Day traders often use the $TICK to view the overall market sentiment at a particular time. The cumulative approach takes this analysis to the next level by revealing sustained institutional activity. When you see consistent upward movement in cumulative TICK over several hours, it indicates institutional accumulation, even if individual TICK readings are mixed.

Reversal Zone Identification

Extreme cumulative TICK readings often coincide with market reversals. At major market reversals the tick index is most likely hitting an extreme.
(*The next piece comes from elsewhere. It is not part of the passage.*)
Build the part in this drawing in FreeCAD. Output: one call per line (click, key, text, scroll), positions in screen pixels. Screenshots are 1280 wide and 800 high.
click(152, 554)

By tracking historical cumulative TICK ranges, you can identify when current readings reach levels that typically trigger institutional profit-taking or value buying.

Confluence with Technical Analysis

The most powerful applications combine cumulative TICK with traditional technical analysis:

  • Support/Resistance Testing: When price tests key levels while cumulative TICK shows opposing direction, it often signals failed breakouts
  • Momentum Confirmation: Strong price moves supported by accelerating cumulative TICK trends tend to sustain longer
  • Divergence Analysis: When price makes new highs but cumulative TICK fails to confirm, it warns of potential reversals
  • Entry Timing: Use cumulative TICK color changes to fine-tune entry and exit timing on technical setups

Multiple Market Internals for Enhanced Analysis

Professional traders often monitor multiple TICK indicators simultaneously. Has built in functionality for NYSE : TICK, NASDAQ : TICK/Q, Russell : TIKRL. You can customize the symbol parameter to track different markets:

  • $TICK: NYSE TICK for broad market analysis
  • $TICKQ: NASDAQ TICK for technology-focused trading
  • $TIKI: Dow Jones TICK for blue-chip sentiment
  • $TIKRL: Russell 2000 TICK for small-cap analysis

By comparing these different market internals, you can identify sector rotation patterns and market leadership shifts that often precede major directional moves.
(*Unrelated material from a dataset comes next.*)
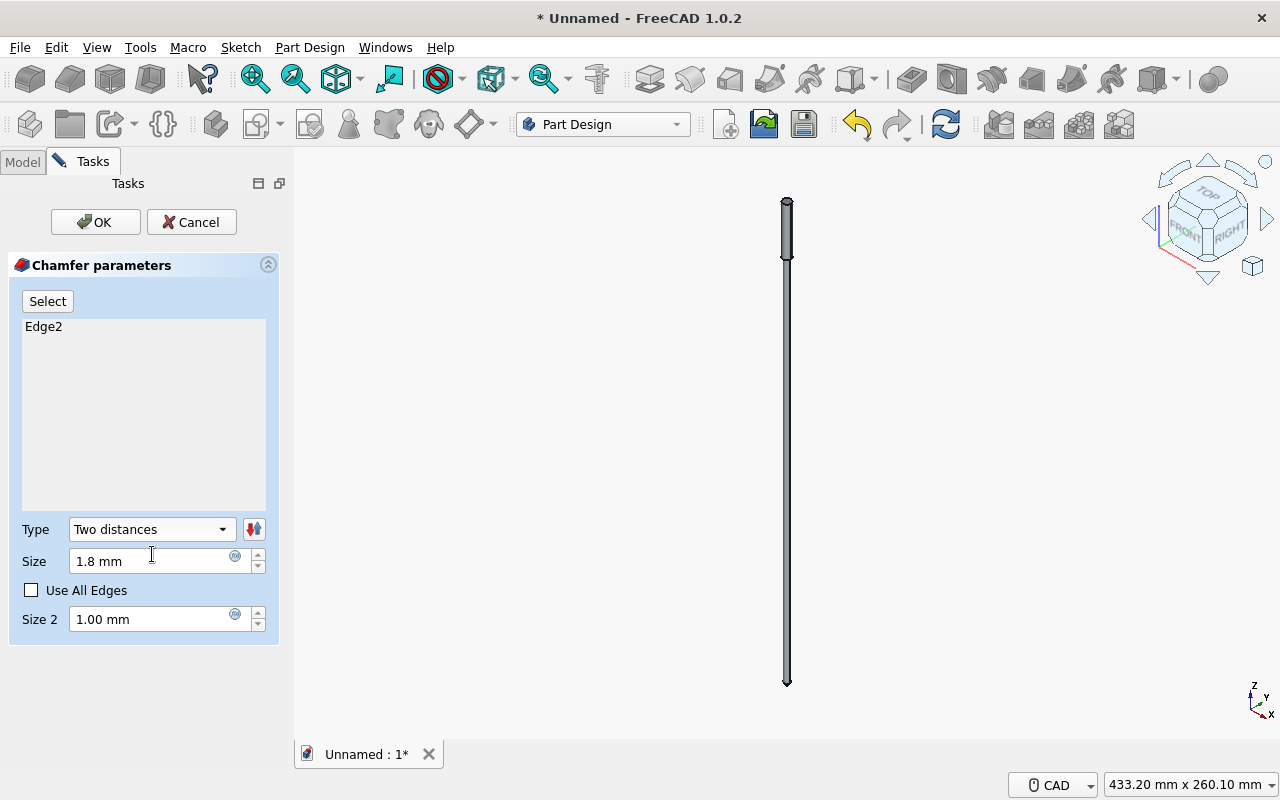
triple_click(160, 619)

Real-World Trading Examples and Setups

Bullish Reversal Setup

Look for scenarios where cumulative TICK has been declining (showing gray colors) for an extended period, reaching extreme negative levels relative to recent sessions. When the indicator begins to flatten or reverse (changing to cyan) while price is at key support levels, this often marks institutional buying at value zones.

Bearish Distribution Pattern

When cumulative TICK reaches extreme positive readings after sustained upward movement, then begins to roll over (changing from cyan to gray), this often signals institutional profit-taking and potential distribution. Traders consider +600 significant, while +1,000 and -1,000 would be very significant.

Intraday Trend Continuation

During trending days, look for cumulative TICK pullbacks that remain above previous session lows (for uptrends) or below previous highs (for downtrends). These patterns often provide excellent continuation entries with institutional flow confirmation.

Integration with Other Market Internals

Combine cumulative TICK analysis with other market breadth indicators for comprehensive market internals analysis:

  • Advance/Decline Line ($ADD): Confirms broad market participation
  • Up/Down Volume ($UVOL/$DVOL): Validates cumulative TICK with volume confirmation
  • VIX Analysis: Provides volatility context for TICK extreme readings
  • TRIN (Arms Index): Adds volume-weighted breadth analysis

Market internals are indexes that serve to provide additional context beyond price about how the broad stock market is performing. Using multiple indicators together creates a comprehensive picture of market health and direction.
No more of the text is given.